Hills, horses and heaven

It's getting hot in here!Few images evoke the romance of the West more strongly than a herd of wild horses roaming grassy hills, steam from their collective breath diffusing the sunrise into a golden mist. This symbol of fierce independence and perseverance descended from horses brought to North America by Spanish conquistadors 400 years ago.

Wine grapes established themselves much more recently but have just as assuredly become a fixture in the western landscape. Washington’s Columbia Crest vineyard unites both bits of regional history in the 2010 Horse Heaven Hills Les Chevaux red wine.

“Les Chevaux,” for those of you whose knowledge of French is limited to fries, toast and whatever you learned in the back seat of first car, means “the horses.” The “hills” refer to the dry-but-fertile ground in eastern Washington where Columbia Crest grows grapes of consistent quality and intensity. The terrain and ever-present winds challenge vintners here, but the result in this case is an interesting, affordable wine.

We picked up a bottle for $11.99 at Fred Meyer on a co-worker’s recommendation. That’s a little more than we usually spend, but there’s value in knowing that someone’s already taken the wine out for a spin and enjoyed it. To be honest, we were so busy enjoying the first bottle that we had to buy a second to review. (This happens more often than we’d like to admit.)

The dark cranberry color and fairly unremarkable nose don’t immediately reveal this wine’s complexity. It brings a combination of berry and earthy oak flavors, with a hint of smokiness. The winemaker also claims notes of licorice, chocolate and mocha. Hmmm. Chocolate, maybe, but this wine doesn’t seem to aspire to those darker regions of the palate. The finish is slightly acidic, with tannins that excite the tongue without lingering.

This vintage is 80% merlot, 13% cabernet sauvignon and 7% syrah. According to Columbia Crest’s website, the 2010 growing season was cooler than previous years, and fruit was generally less plentiful. A consistently warm autumn ripening season resulted in grapes that produced wines of fairly low alcohol content and balanced acidity.

This is no sweet summer sipper, nor is it a heavy red best paired with beef or hearty pasta meals. It’s a delightful middle-of-the road blend that doesn’t skimp on drinkability or flavor.

Overall, this wine pairs nicely with the creamy Finnish summer soup we were enjoying in the dead of winter. There aren’t many things that are better on a cold winter night (it’s down around 0° as this is being written) than a warm bowl of homemade soup — unless it’s a warm bowl of soup and a glass of wine. And a vision of a wild stallion roaming the rolling hills of the upper Columbia River Valley.

Aromatique: The thin, almost watery nose is deceiving. It hints at a much lighter wine.

Sip quips: Intense blueberry and dark cherry backed by a hint of earthiness, oak and distinct tannins.
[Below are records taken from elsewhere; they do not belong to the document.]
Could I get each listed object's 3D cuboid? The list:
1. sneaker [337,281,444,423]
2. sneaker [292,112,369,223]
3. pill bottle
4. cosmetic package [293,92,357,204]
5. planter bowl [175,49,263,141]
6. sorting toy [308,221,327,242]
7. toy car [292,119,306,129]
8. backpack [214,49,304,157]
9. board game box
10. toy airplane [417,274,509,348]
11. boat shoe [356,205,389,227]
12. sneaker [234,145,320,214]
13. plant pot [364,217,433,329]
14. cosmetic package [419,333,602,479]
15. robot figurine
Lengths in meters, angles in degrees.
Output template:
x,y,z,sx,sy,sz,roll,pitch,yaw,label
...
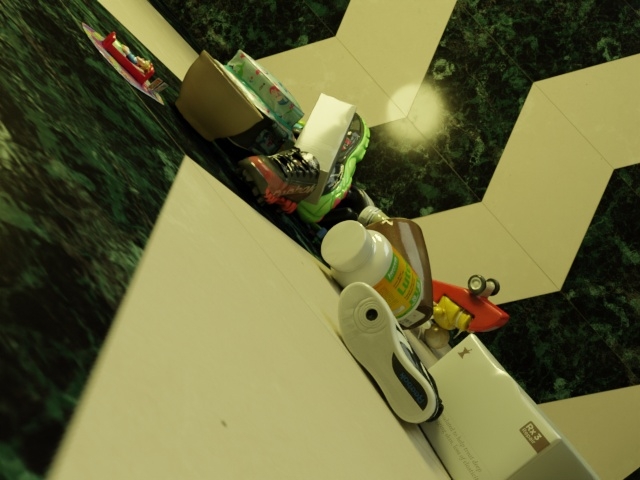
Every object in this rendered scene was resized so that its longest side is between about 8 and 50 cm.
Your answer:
x,y,z,sx,sy,sz,roll,pitch,yaw,label
0.100,0.169,0.840,0.217,0.079,0.121,62,8,28,sneaker
-0.001,-0.251,1.547,0.202,0.185,0.483,41,34,-18,sneaker
0.106,0.063,1.208,0.245,0.136,0.136,44,8,-44,pill bottle
-0.003,-0.214,1.337,0.107,0.127,0.238,19,52,-1,cosmetic package
-0.199,-0.254,1.076,0.162,0.109,0.162,48,6,-7,planter bowl
0.000,0.000,1.340,0.102,0.042,0.061,39,-15,27,sorting toy
-0.122,-0.387,2.187,0.136,0.181,0.159,-106,170,-65,toy car
-0.152,-0.284,1.303,0.225,0.191,0.253,48,1,19,backpack
-0.301,-0.289,0.916,0.133,0.033,0.168,51,5,9,board game box
0.386,0.224,1.943,0.385,0.273,0.384,12,0,-7,toy airplane
0.157,0.031,1.608,0.094,0.109,0.302,34,-25,28,boat shoe
-0.073,-0.129,1.115,0.098,0.135,0.276,53,8,11,sneaker
0.193,0.100,1.450,0.215,0.215,0.231,43,23,-48,plant pot
0.314,0.344,0.916,0.385,0.156,0.217,44,8,-35,cosmetic package
0.083,-0.061,1.686,0.173,0.209,0.278,34,-1,27,robot figurine

Kitchen couplings: Mild fish or chicken dishes would do well, as did our version of this creamy Finnish summer soup. Apparently summer in Finland is a lot like winter in Idaho.

Lighting up at 30,000 feet

This one earned a half glass.Airline wine. It’s usually more sleep aid than something to savor. I don’t want to sound ungrateful. I mean, Alaska Air doesn’t have to provide free regional wine or microbrew on its flights. It’s a nice perk. But it’s usually pretty forgettable stuff, served in those little plastic cups. My flights are usually short, so there’s not much time to let the wine breathe. And the accompanying food — even the new macadamia-nut and dried fruit snack that Alaska has started handing out — isn’t particularly complementary.

Chuck would drink it straight out of the bottle.

But the Washington Hills 2008 Merlot served on a recent trip was an exception.  I didn’t have great expectations. Mostly, I was just glad that the string of chardonnays the flight attendants had been serving recently was finally over. But this wine is complex and robust. Bold fruit — blackberry and dark cherry along with a hint of cedar — grows from the first taste, and then gives way to strong oak flavors.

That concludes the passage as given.